61:08 - 61:32: So, collectively, what we were able to show was that if you knock down FEZ1, the ability of growing axons and dendrites to respond to signaling cues becomes abolished.
61:32 - 61:47: Because the signaling cues themselves are important in the formation of neuronal networks. What we now hypothesize is that in patients who have FEZ1 mutations,
61:47 - 62:05: the ability to respond to guidance cue signaling can ultimately result in altered neural networks that form the basis of neurodevelopmental disorders, like the phenotypes that are seen in, for instance, Jacobson syndrome patients.
62:05 - 62:11: So I'm going to branch a little bit more for the rest of the time.
62:11 - 62:28: To look another aspect of FEZ1 involvement in neuronal network formation. And this is related to the locomotion and psychomotor impairments that have been documented in Jacobson syndrome patients.
62:28 - 62:42: So, I alluded to the idea that locomotion effects are present in model organisms that are mutants for FEZ1.
62:42 - 63:01: So, if you do a quick lookup search on gene expression in humans, using GTEx, it's actually quite interesting that FEZ1 expression in the human spinal cord is actually extremely high, likely the highest in the whole organism itself.

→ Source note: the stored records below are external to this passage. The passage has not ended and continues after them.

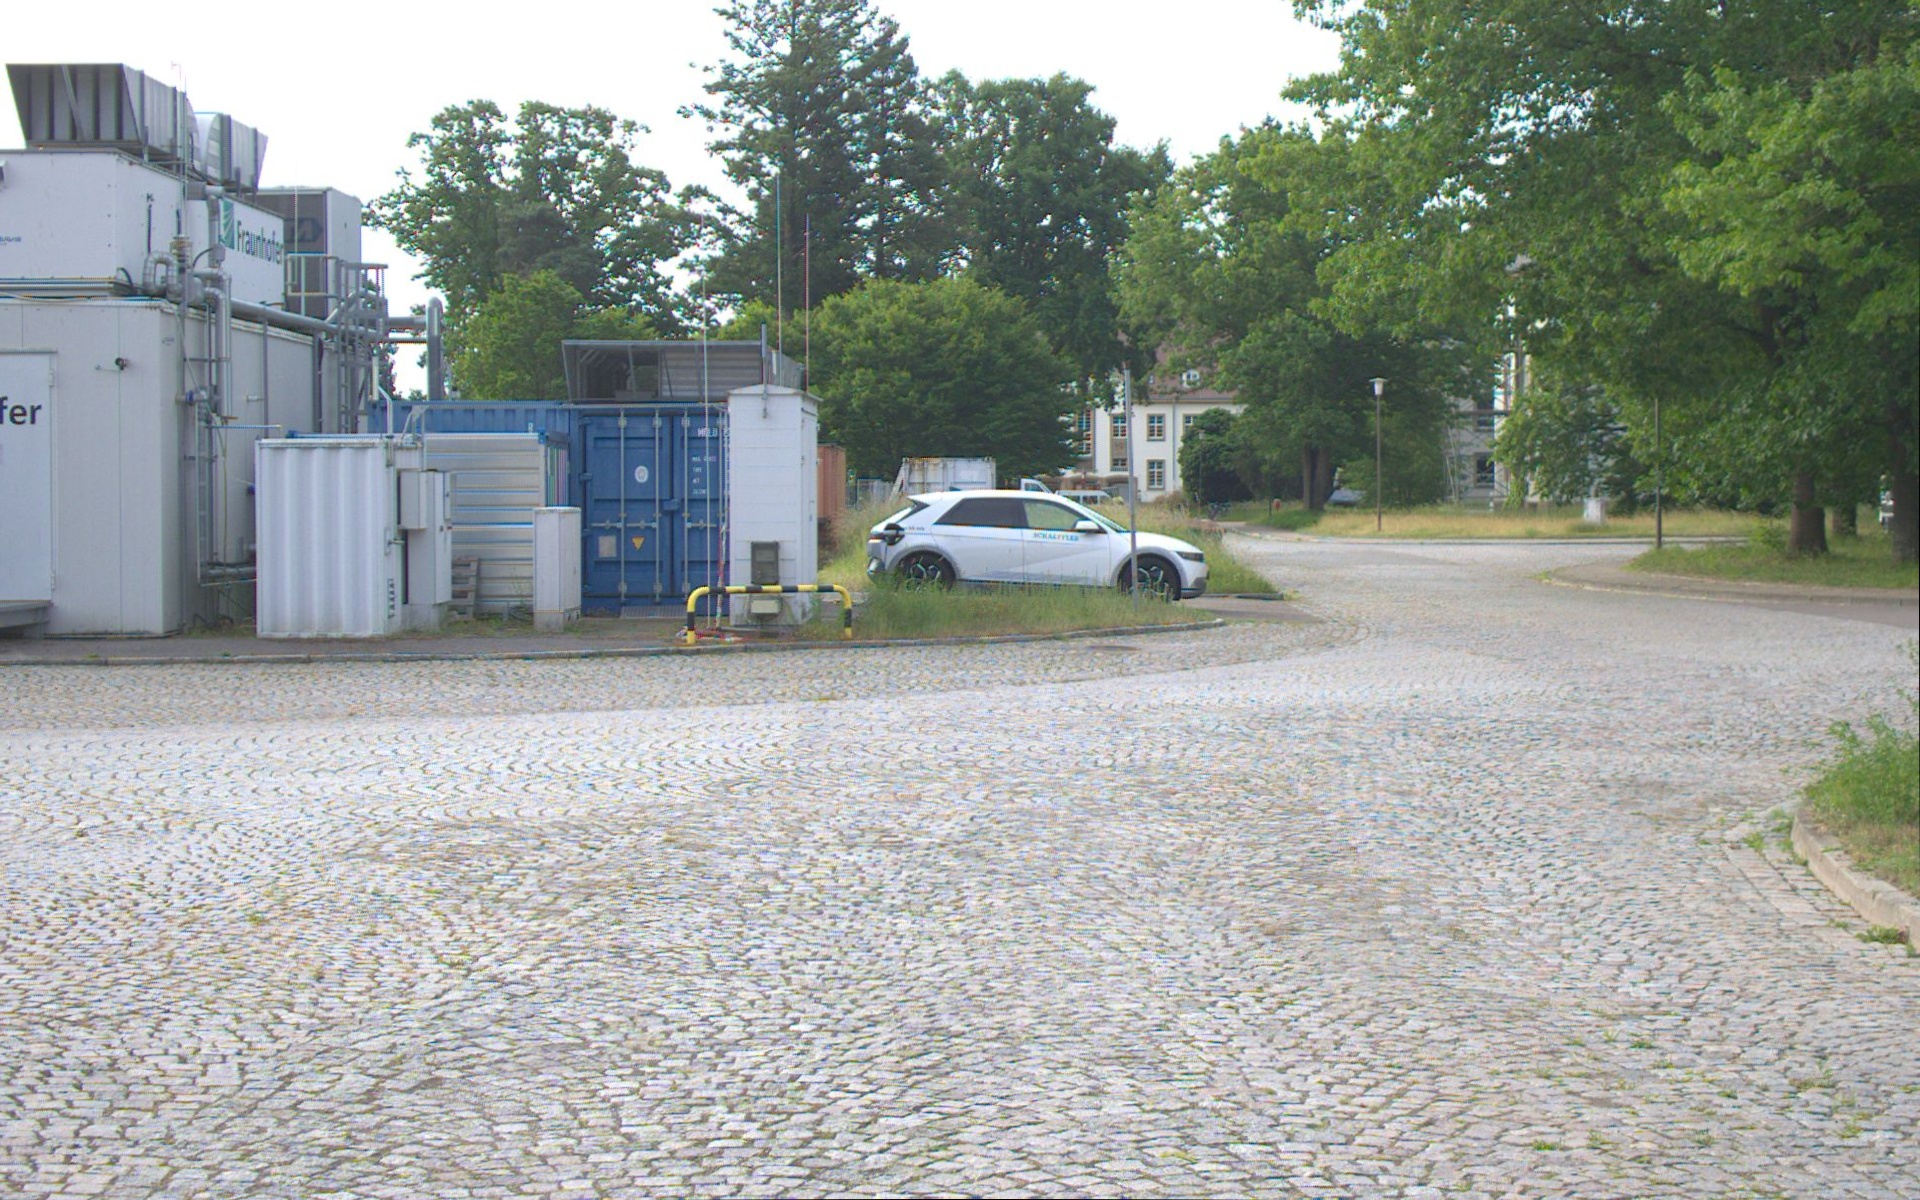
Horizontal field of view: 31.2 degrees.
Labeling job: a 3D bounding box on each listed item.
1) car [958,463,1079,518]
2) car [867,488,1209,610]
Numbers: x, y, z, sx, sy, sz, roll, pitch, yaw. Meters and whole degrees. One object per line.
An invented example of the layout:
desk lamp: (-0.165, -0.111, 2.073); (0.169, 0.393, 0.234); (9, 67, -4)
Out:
car: (2.501, -4.723, 148.094); (5.170, 2.329, 2.000); (0, 2, 1)
car: (1.090, -0.702, 46.576); (4.534, 1.594, 2.000); (0, 2, 4)

63:02 - 63:25: As I mentioned, the locomotion defects have been documented previously, and we wonder whether the psychomotor impairments in GS patients could be linked to the idea that FEZ1 loss could affect the development of the peripheral nervous system itself.
63:26 - 63:44: So, to first document this, we again looked at protein expression, this will come from rodents from rats themselves. And you can see that there is substantial expression of FEZ1 in the spinal cord, and you know, by immunochemistry, you can see this expression, again supporting the idea that FEZ1 is expressed in motor neurons.

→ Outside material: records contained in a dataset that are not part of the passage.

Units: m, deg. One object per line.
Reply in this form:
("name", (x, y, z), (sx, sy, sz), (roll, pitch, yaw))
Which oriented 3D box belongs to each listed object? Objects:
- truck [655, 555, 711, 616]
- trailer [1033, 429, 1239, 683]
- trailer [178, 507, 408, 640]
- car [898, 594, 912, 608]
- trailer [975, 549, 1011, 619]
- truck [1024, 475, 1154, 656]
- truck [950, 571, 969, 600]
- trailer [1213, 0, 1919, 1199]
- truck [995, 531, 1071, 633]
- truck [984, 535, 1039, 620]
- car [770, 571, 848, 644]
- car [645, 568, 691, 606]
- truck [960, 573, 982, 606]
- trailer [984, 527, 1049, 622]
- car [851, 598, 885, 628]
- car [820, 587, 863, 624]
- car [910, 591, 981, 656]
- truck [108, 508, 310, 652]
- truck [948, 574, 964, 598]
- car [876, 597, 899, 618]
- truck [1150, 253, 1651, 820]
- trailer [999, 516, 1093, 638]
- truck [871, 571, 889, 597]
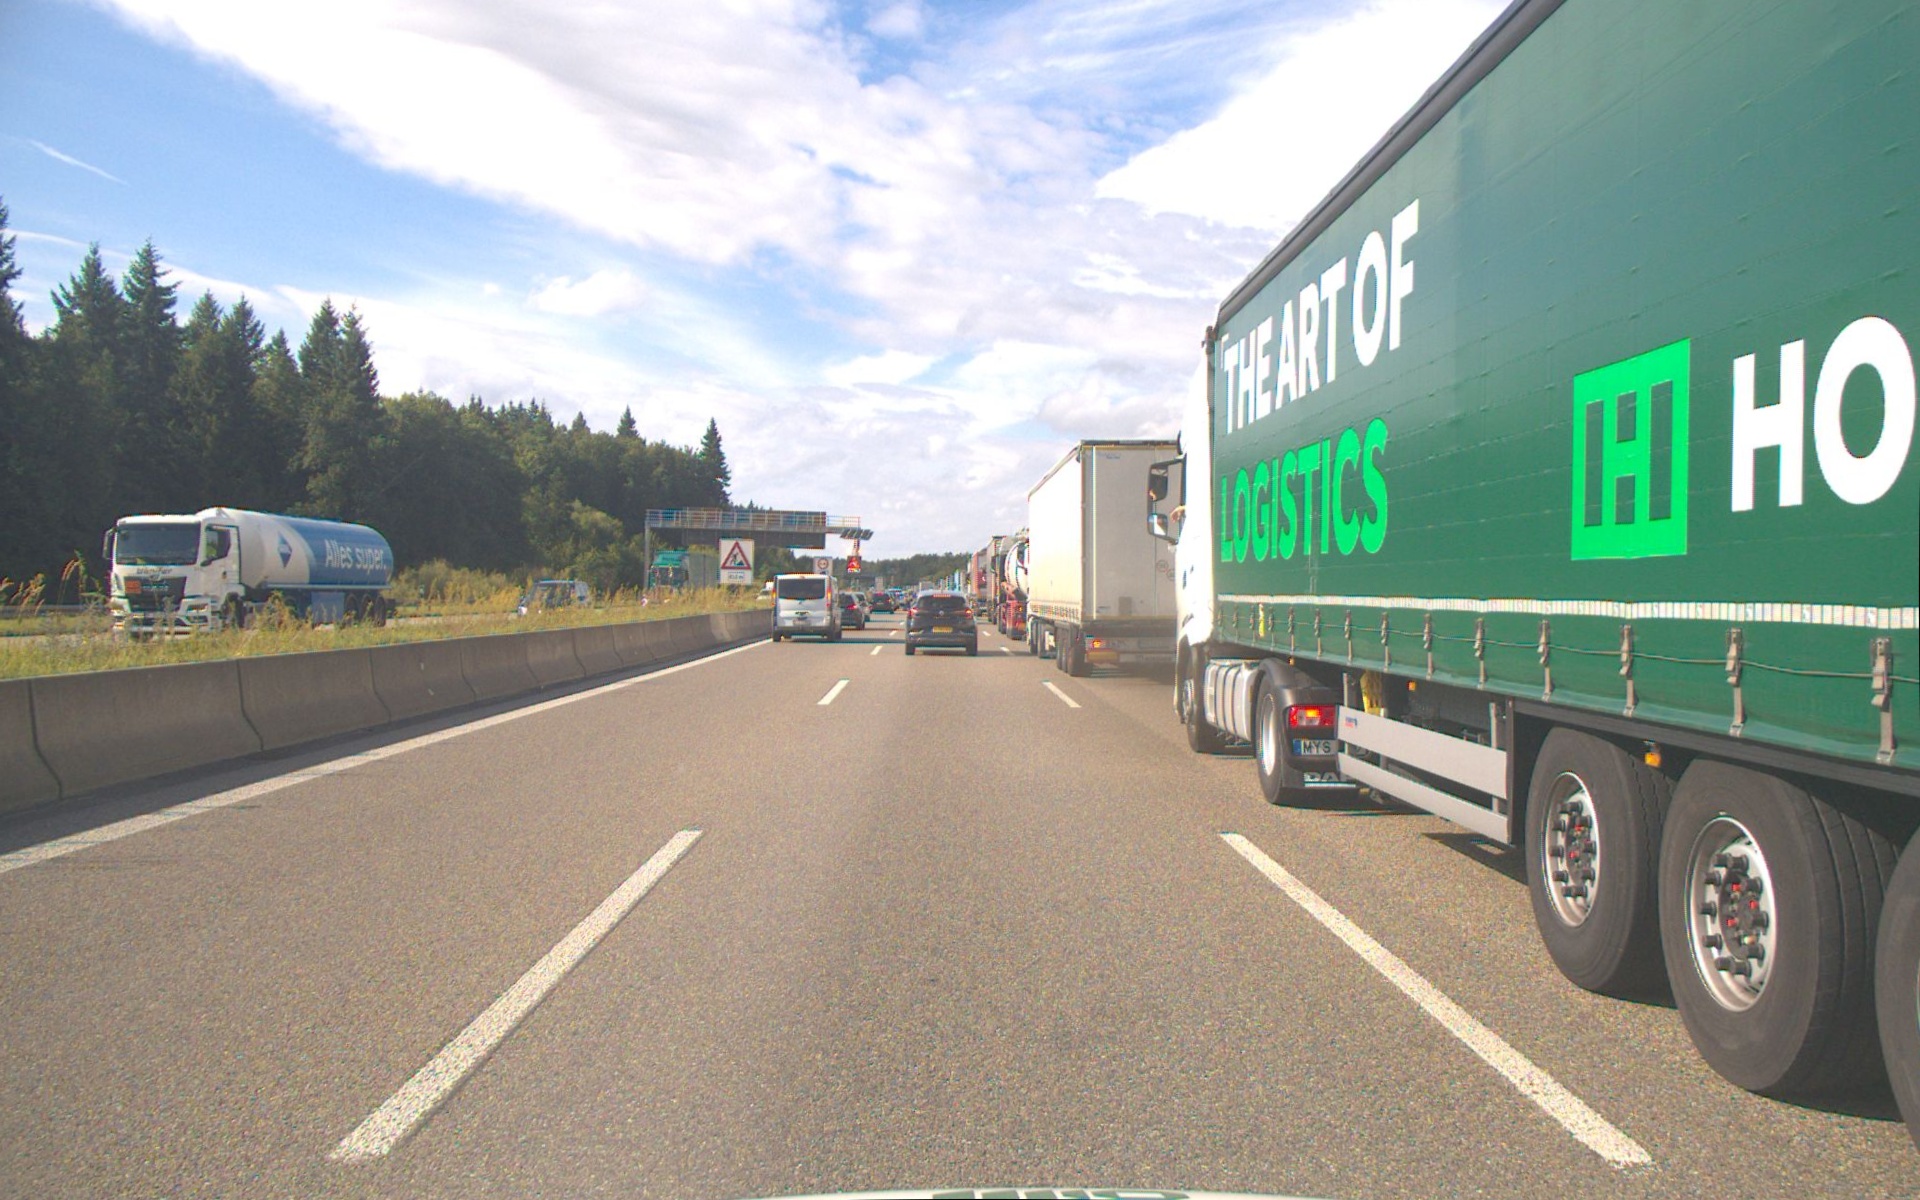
("truck", (-20.354, -1.036, 122.135), (2.656, 4.318, 10.341), (0, 0, -2))
("trailer", (3.160, -0.750, 33.500), (2.648, 4.153, 12.942), (0, 0, -1))
("trailer", (-18.876, -0.707, 47.747), (2.274, 3.342, 10.874), (1, 0, -1))
("car", (-5.584, 0.118, 168.766), (1.333, 1.323, 3.084), (4, 0, -1))
("trailer", (2.074, -0.988, 107.402), (2.106, 4.333, 8.439), (1, 0, 0))
("truck", (3.069, -0.779, 41.000), (2.653, 4.131, 6.360), (0, 0, -1))
("truck", (-0.042, -1.595, 184.150), (1.953, 3.105, 4.981), (4, 0, 0))
("trailer", (3.579, -0.466, 7.550), (2.607, 3.936, 13.392), (1, 0, -1))
("truck", (2.676, -0.642, 62.412), (2.482, 3.646, 6.728), (0, 0, -1))
("truck", (2.670, -1.154, 87.593), (2.729, 4.321, 6.459), (0, 0, 0))
("car", (-4.602, 0.236, 50.975), (1.894, 2.013, 5.097), (4, 0, -1))
("car", (-15.809, -0.682, 89.584), (1.724, 1.914, 3.999), (4, 0, -1))
("truck", (1.025, -1.001, 157.396), (1.953, 2.982, 4.981), (4, 0, 0))
("trailer", (2.658, -1.147, 80.925), (2.745, 4.318, 11.056), (0, 0, 0))
("car", (-4.637, 0.656, 83.674), (1.470, 1.420, 3.475), (4, 0, -1))
("car", (-4.677, 0.225, 65.480), (1.469, 1.420, 3.475), (1, 0, -1))
("car", (-0.368, 0.559, 41.236), (1.662, 1.509, 4.159), (1, 0, -1))
("truck", (-18.811, -0.478, 41.842), (2.270, 3.331, 6.104), (1, 0, -1))
("truck", (-0.543, -1.895, 227.826), (1.953, 3.105, 4.981), (4, 0, 0))
("car", (-5.065, 0.521, 115.825), (1.406, 1.333, 3.532), (4, 0, -1))
("truck", (3.491, -0.435, 15.066), (2.593, 3.936, 6.995), (1, 0, -1))
("trailer", (2.740, -0.693, 55.744), (2.489, 3.718, 10.625), (0, 0, -1))
("truck", (-11.999, -2.436, 248.217), (2.297, 3.656, 6.304), (4, 0, -1))

63:45 - 64:06: So, we then decided, you know, to be a bit adventurous, and we started to modify a protocol to generate motor neurons from stem cells
64:07 - 64:31: And this suggests QC to tell you that we were able to get the progenitors, but more importantly, I want to show you this slide to highlight to you that FEZ1 expression does not occur in progenitor cell types, as you can see, it's not detected in your epithelial
64:32 - 64:44: motor neuron progenitor cell types, but the moment they commit to motor neuron lineage, FEZ1 expression starts to appear and it increases over the maturation of these motor neurons.
64:45 - 64:53: What is interesting is when you do an FEZ1 knockout by CRISPR, as I mentioned to you previously in the rodent neurons.
64:54 - 65:07: By western blot you don't really see much change, except for the fact that no FEZ1 expression is abrogated, indicating that the conversion to motor neurons can still happen.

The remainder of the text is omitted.